Molti studi correlano l’emergere dell’attività creativa alla terapia dopaminergica, la terapia utilizzata per la MP che cerca di ripristinare il livello di dopamina in circolo, il cui depauperamento eccessivo è il responsabile della sintomatologia parkinsoniana. Canesi et al. (2011) hanno realizzato uno studio sulla creatività in pazienti con MP, valutati mediante l’utilizzo del test del pensiero creativo di Torrance (Torrance, 1974) per comprendere se le abilità creative, manifestate durante la malattia, potessero essere considerate delle capacità innate che vengono “risvegliate” dalla patologia oppure una conseguenza della terapia dopaminergica, in associazione al disturbo del controllo degli impulsi. I dati sostengono che la presenza di nuove competenze in ambito artistico non può essere direttamente collegata all’impulsività ma potrebbe essere associata all’emergere, in seguito all’assunzione della terapia dopaminergica di qualità artistiche innate in pazienti predisposti. Faust-Socher et al. (2014) hanno dimostrato, inoltre, che pazienti con MP in terapia dopaminergica presentano un aumento di creatività verbale e figurale rispetto ai controlli sani.

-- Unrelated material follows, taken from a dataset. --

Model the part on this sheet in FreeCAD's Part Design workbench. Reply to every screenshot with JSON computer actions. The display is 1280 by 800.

Correlati neuroanatomici della creatività
Lo studio delle basi neuro-anatomiche e neuro-fisiologiche della creatività è un progetto affascinante quanto difficile da realizzare in quanto diverse sono le difficoltà che si possono incontrare, a partire dalla definizione di “creatività”. E’ noto da millenni che lesioni e patologie provocano modifiche nel comportamento ma solo da poco più di centocinquantanni si hanno a disposizione sufficienti conoscenze sulla relazione tra cervello, psiche e comportamento.

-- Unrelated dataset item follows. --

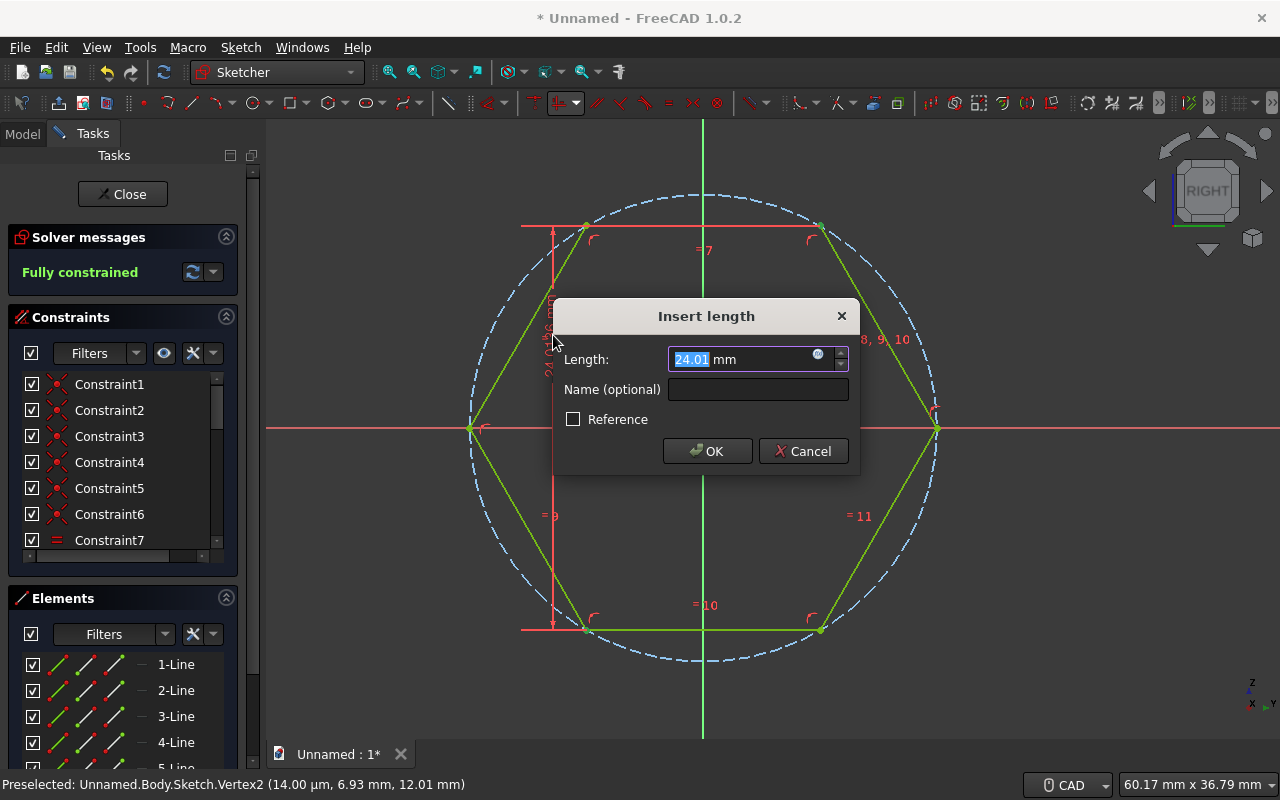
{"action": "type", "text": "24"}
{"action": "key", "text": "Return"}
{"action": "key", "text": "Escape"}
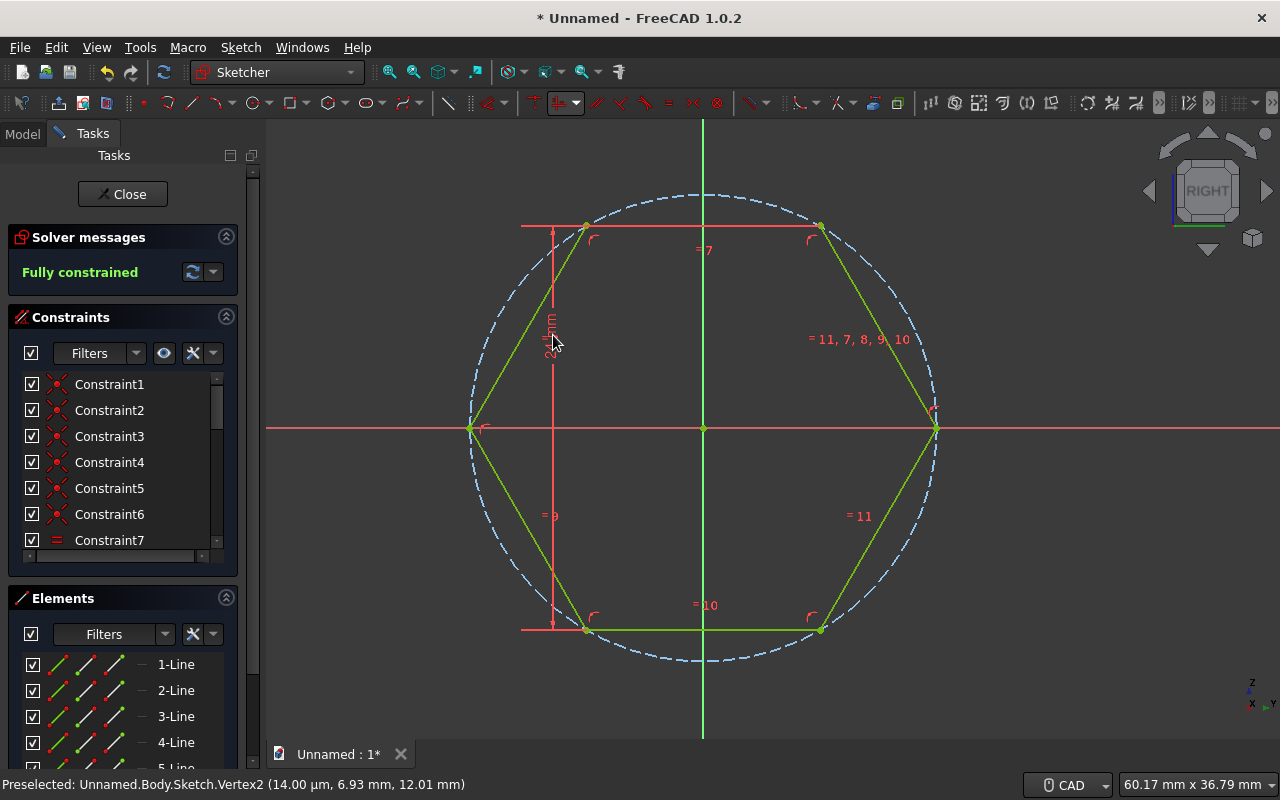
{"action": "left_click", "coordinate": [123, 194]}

La rassegna scientifica appena presentata mostra come la relazione tra malattie neurodegenerative e creatività sia articolata. Dal punto di vista clinico, infatti, sono stati documentati casi in cui la creatività aumenta, si modifica oppure si “blocca” in pazienti che presentano una stessa diagnosi. Come è possibile?

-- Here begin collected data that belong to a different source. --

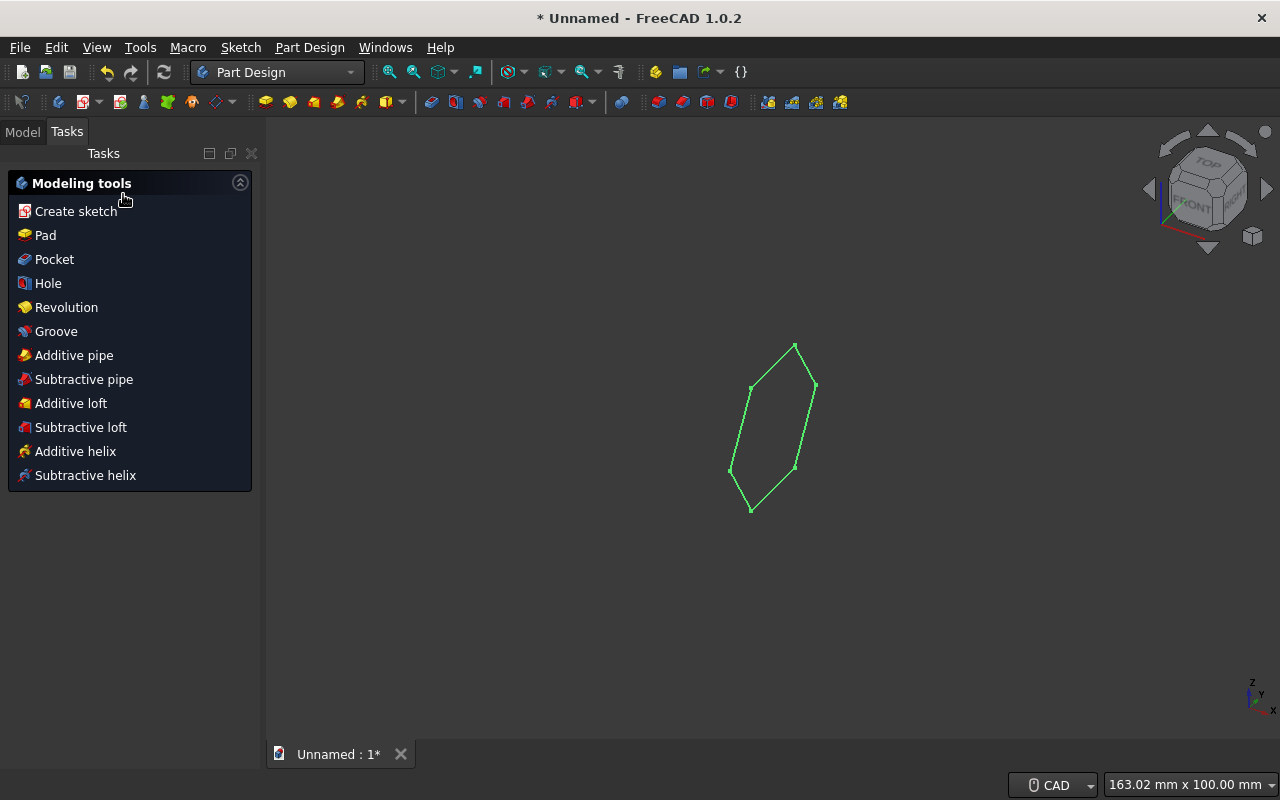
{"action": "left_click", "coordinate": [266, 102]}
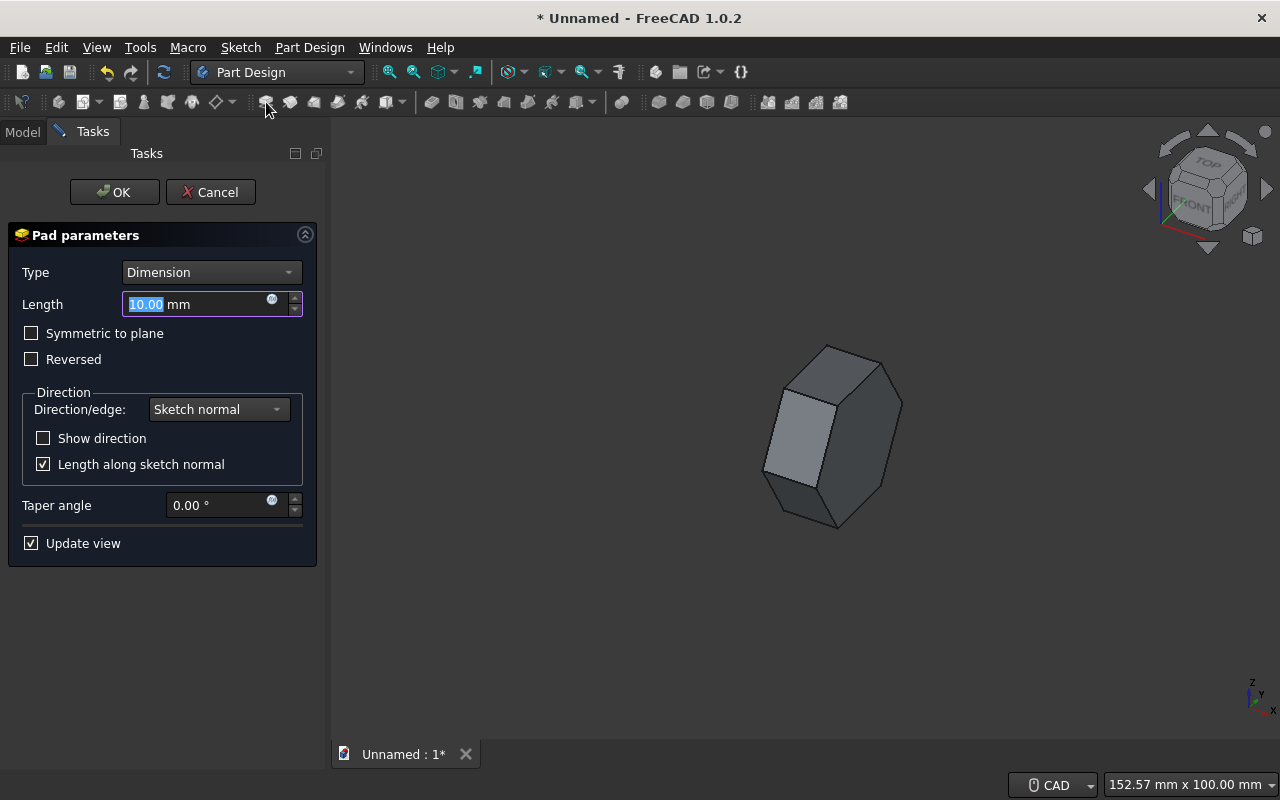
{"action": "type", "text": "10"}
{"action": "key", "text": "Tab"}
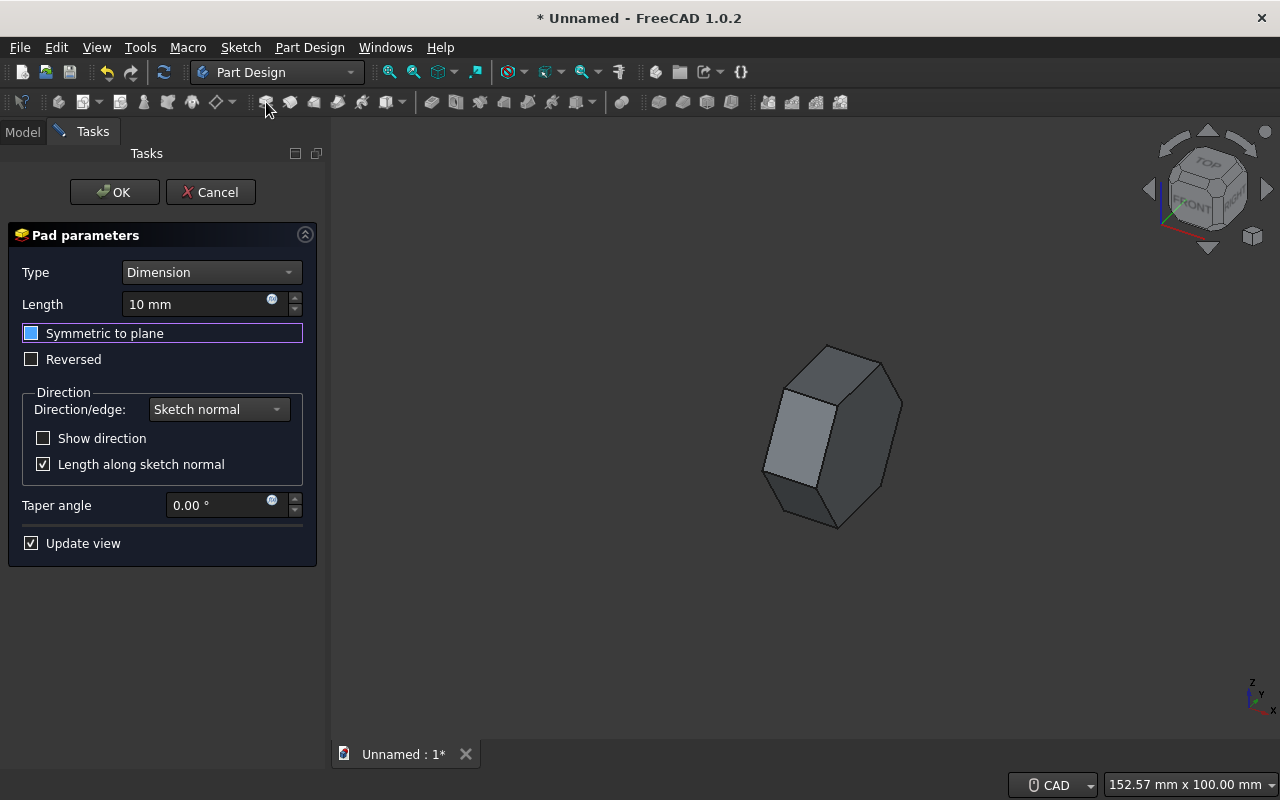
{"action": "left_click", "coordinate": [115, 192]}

Il motivo di tale eterogeneità resta ancora da chiarire. Partiamo, quindi, da un aspetto fondamentale cercando di evidenziare ciò che è alla base di queste patologie, ovvero i correlati neuroanatomici. Se è vero che le patologie neurodegenerative mutano l’“architettura” del nostro encefalo, è vero anche che il nostro encefalo si adatta al nuovo equilibrio, quindi, è molto importante “vedere”, attraverso gli studi di neuroimmagine, come funzionano e si integrano le diverse aree dopo l’esordio di una patologia neurodegenerativa, che per sua natura mutua la rete di collegamenti neuronali. Secondo le neuroscienze, ogni area del nostro cervello ha una funzione specifica: esiste, dunque un’area (o più aree) deputata al pensiero creativo? Prima di provare a rispondere a questo quesito, è doveroso fare una premessa sulla struttura del nostro encefalo.